Banks Worsening, Not Helping, the Foreclosure Crisis

Brian Grow reports in How Banks Are Worsening the Foreclosure Crisis posted on February 12 on BusinessWeek.com how the financial industry has fought for the last two  years to prevent Congress from imposing government mandated loan modifications.  The Hope Now Alliance that was formed to supposedly organize lenders to make voluntary loan modifications was actually a purposeful delaying tactic.  Now we learn that 53% of the modified loans have defaulted within six months of modification, and lenders are actually increasing payments, not reducing them, in more cases than they are reducing them!

"Federal banking regulators reported in December, 2008 that fully 53% of consumers receiving loan modifications were again delinquent on their mortgages after six months. Alan M. White, a law professor at Valparaiso University, says the redefault rates are high because modifications often lead to higher rather than lower payments.
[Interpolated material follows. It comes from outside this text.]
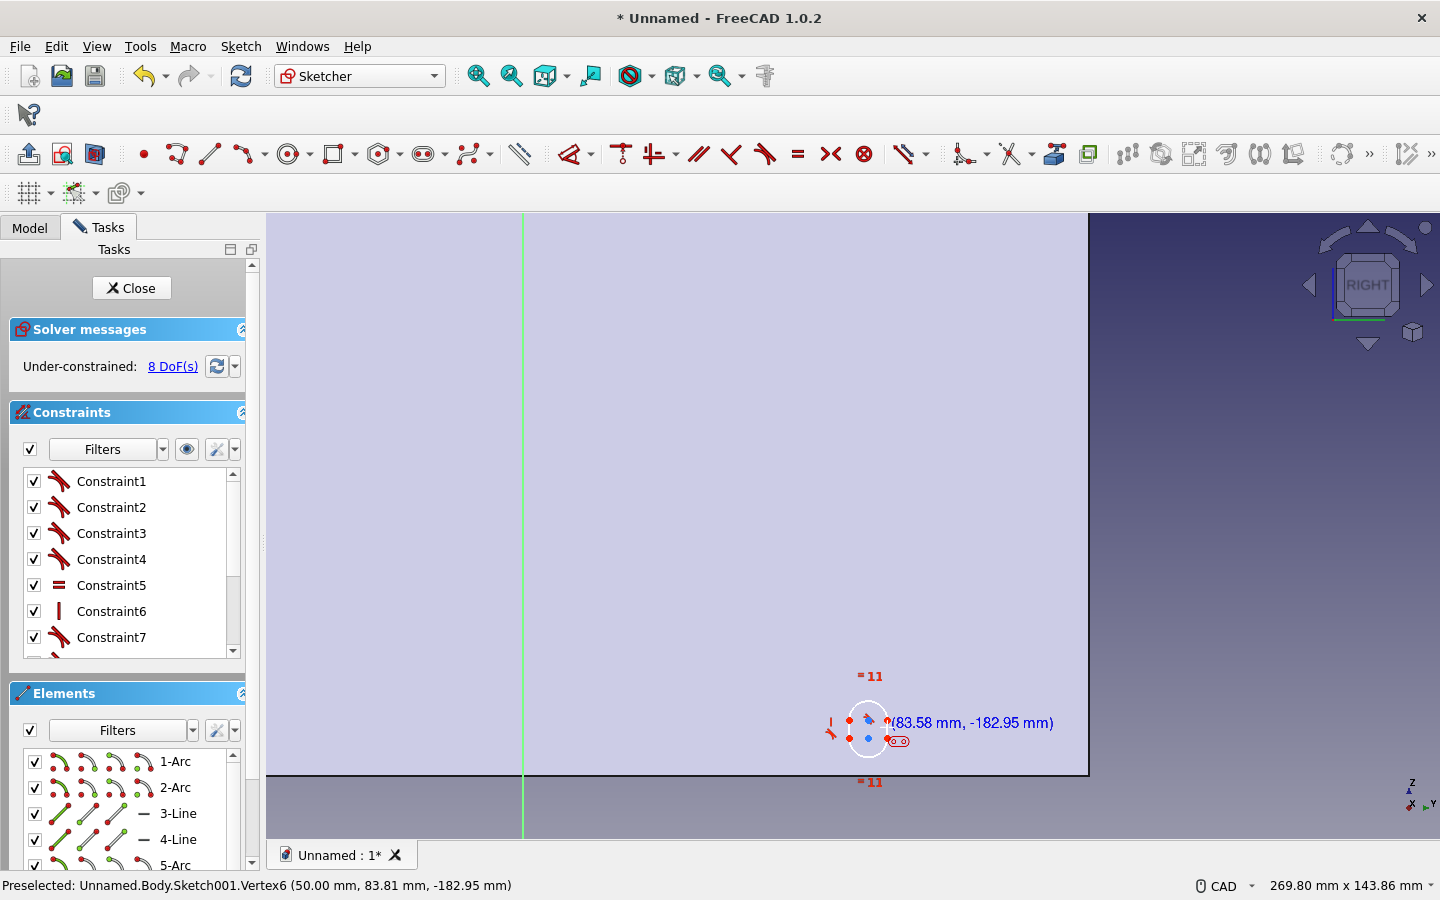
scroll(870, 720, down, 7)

An analysis White did of a sample of 21,219 largely sub prime mortgages modified in November 2008 found that only 35% of the cases resulted in lower payments. In 18%, payments stayed the same; in the remaining 47%, they rose. The reason for this strange result: Lenders and loan servicers are tacking on missed payments, taxes, and big fees to borrowers' monthly bills."

The article describes the sequence of event that led to the formation of the Hope Now Alliance of mortgage lenders and servicers to forestall Senator Chris Dodd's failed effort to have Congress pass a forced modification bill.  It also explains how the industry titans watered down the Hope For Homeowners program passed by Congress in October, 2008 as part of the bill that put Fannie Mae and Freddie Mac into government conservatorship and created TARP.  Due to mortgage industry efforts the Hope for Homeowners program, which was supposed to help 400,000 borrowers refinance with lower principal and payments, has had a grand total of merely 25 homeowners refinance under it.

Until Congress, or the President acting under his emergency economic power, adopts a plan like
The AllStreets Bailout Plan, the crisis will only get worse.  The article reports that there have been 1 million residential foreclosures since 2006, and that an astounding 5.9 million more are expected in the next four years.